Two of my colleagues (Dan Owens and Dara Morehouse (I believe in full attribution)) and I are working on population projections for the state. One of the side questions we asked ourselves (always a danger) was when looking at subregions within the state, how would we divide out the state. There are likely candidates such as dividing the state into thirds or quarters. Highway 2 and I-94 make interesting dividers as well. There are many interesting ways to do this and constraints you would want to provide. We also decided to take a little more empirical approach as well. We ran a simple k-means cluster analysis to see what we get with just a few variables.
This is all preliminary and we are adding some more data to see what we get. We are also exploring the best algorithm to use right now as well since this seems to be an interesting little side project. Optimal county clusters seems to be either two or three counties based on the current data. We will see what happens as we add more data to the analysis.

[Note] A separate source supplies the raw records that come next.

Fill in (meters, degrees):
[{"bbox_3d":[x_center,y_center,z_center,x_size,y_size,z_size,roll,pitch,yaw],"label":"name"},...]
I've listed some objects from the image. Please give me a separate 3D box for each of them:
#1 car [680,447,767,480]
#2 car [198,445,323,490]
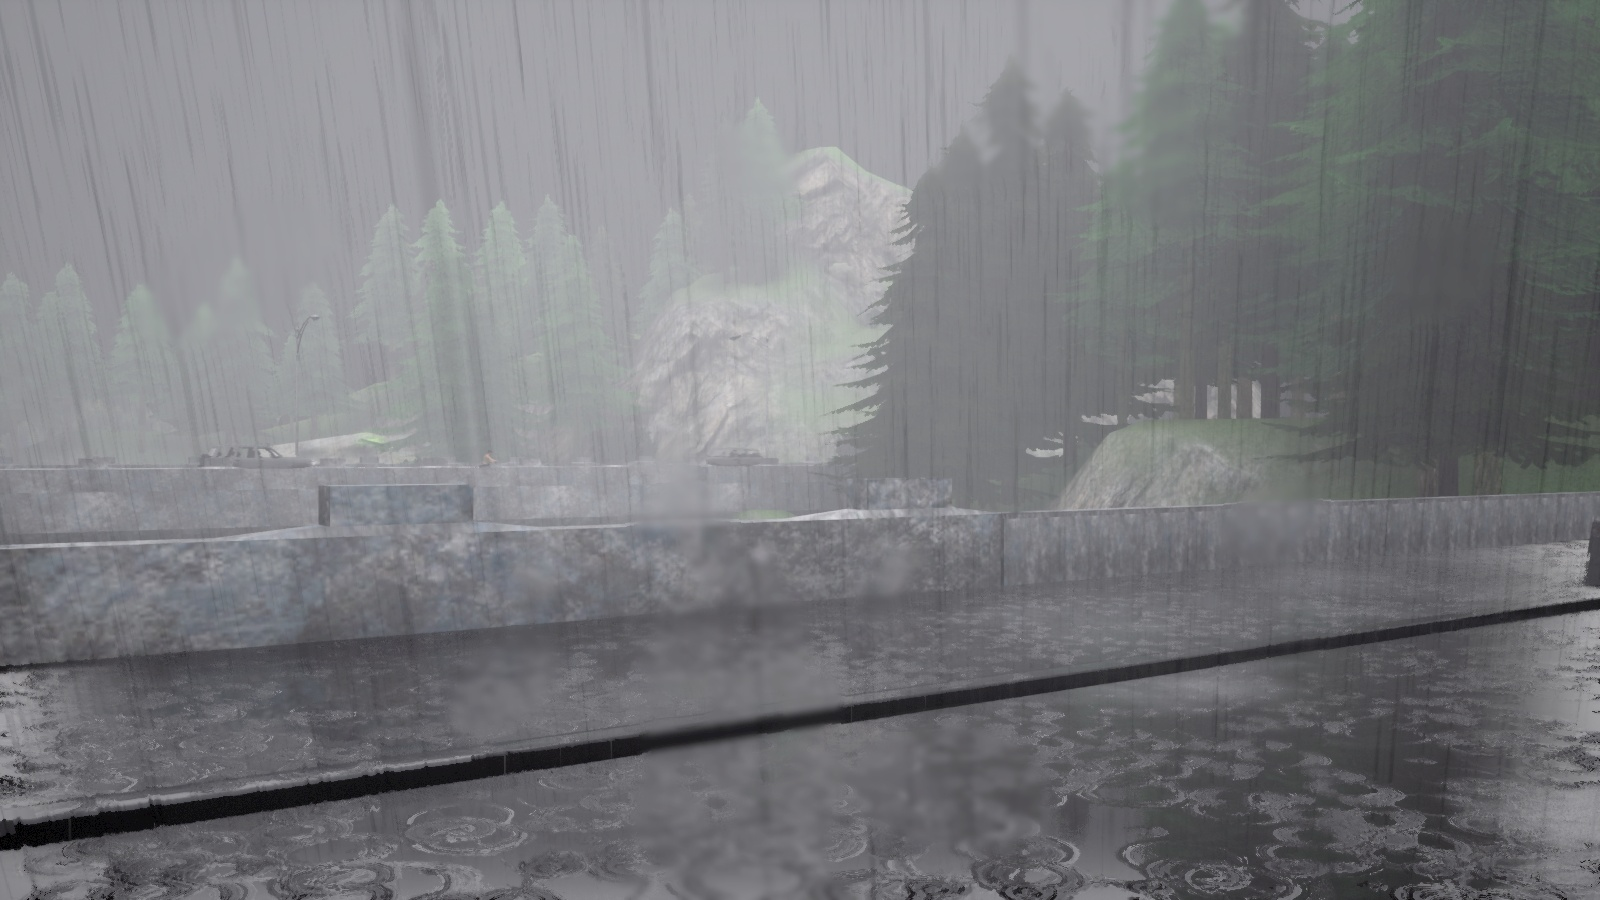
[{"bbox_3d":[-4.342,0.745,71.361,4.605,1.855,1.932,0,0,-35],"label":"car"},{"bbox_3d":[-22.964,0.739,53.497,4.605,1.855,1.932,1,-1,-35],"label":"car"}]

Taking a look at the clusters in the level data we see that really only two counties change groups after we transition from two to three clusters. Cass moves into a category on its own and Stark moves into the cluster of larger counties. One of the things about this is that it is pretty clear that this data (personal income and taxable sales and purchases) are highly correlated with population. In fact, the two smaller clusters are in fact all the larger counties in the state. This is not a surprise really since North Dakota is a small population state still and there are advantages to scale clearly. They are also highly correlated with larger populations.
This ends up with maps that look like this:
This s pretty unremarkable when all is said and done really. The first map, when there are only two clusters allowed is all the bigger counties. When we switch to three clusters Cass is on its own and then Stark joins the other group as well. Not very interesting.

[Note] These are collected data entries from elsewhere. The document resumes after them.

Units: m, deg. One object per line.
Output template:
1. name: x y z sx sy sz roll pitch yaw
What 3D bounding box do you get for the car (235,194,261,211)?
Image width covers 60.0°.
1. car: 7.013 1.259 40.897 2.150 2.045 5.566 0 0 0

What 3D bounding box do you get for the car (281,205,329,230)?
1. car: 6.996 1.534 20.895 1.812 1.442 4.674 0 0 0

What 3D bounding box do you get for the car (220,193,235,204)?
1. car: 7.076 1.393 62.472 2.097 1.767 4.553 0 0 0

The issue of course is that scale does matter and we want to account for that at some level. There are economic activities possible in these large counties that are not available in the smaller counties simply due to more constrained economic diversification and opportunities.
So the first pass was not a real eye-opener, but then we switch to percentage changes in personal income and taxable sales and purchases and the ratio or farm income to nonfarm income we get a different picture.
The dispersion of counties are very different in this situation. There is significant volatility in these variables. This is a weakness of the k means approach and we are adding in some variables to see if it can smooth out the results, as well as looking at new approaches. The breakdown is very interesting though with some poorer county performance clusters together and then some other combinations.
There is again an issue that the larger counties seem to have lesser volatility in their measures, for example in taxable sales and purchases. With lower numbers for taxables sales changes in a given year represent a bigger percentage movement. The combinations are certainly more interesting though. Here are the maps:
There is not an easy geographic divide in these situations, although many of the counties around the major economic centers seem to be highlighted to some extent. There is certainly more to consider here as far as approach and implications.
One of the things we are considering is the inclusion of both levels data and percentage changes to get at both the importance of scale and growth performance, especially over multiple years.
This fits into our population projection is still in terms of identifying appropriate subregions of the state for alternatives in our analysis. These early outcomes do not really add much beyond the notion that there are differences with counties that are already bigger in terms of population.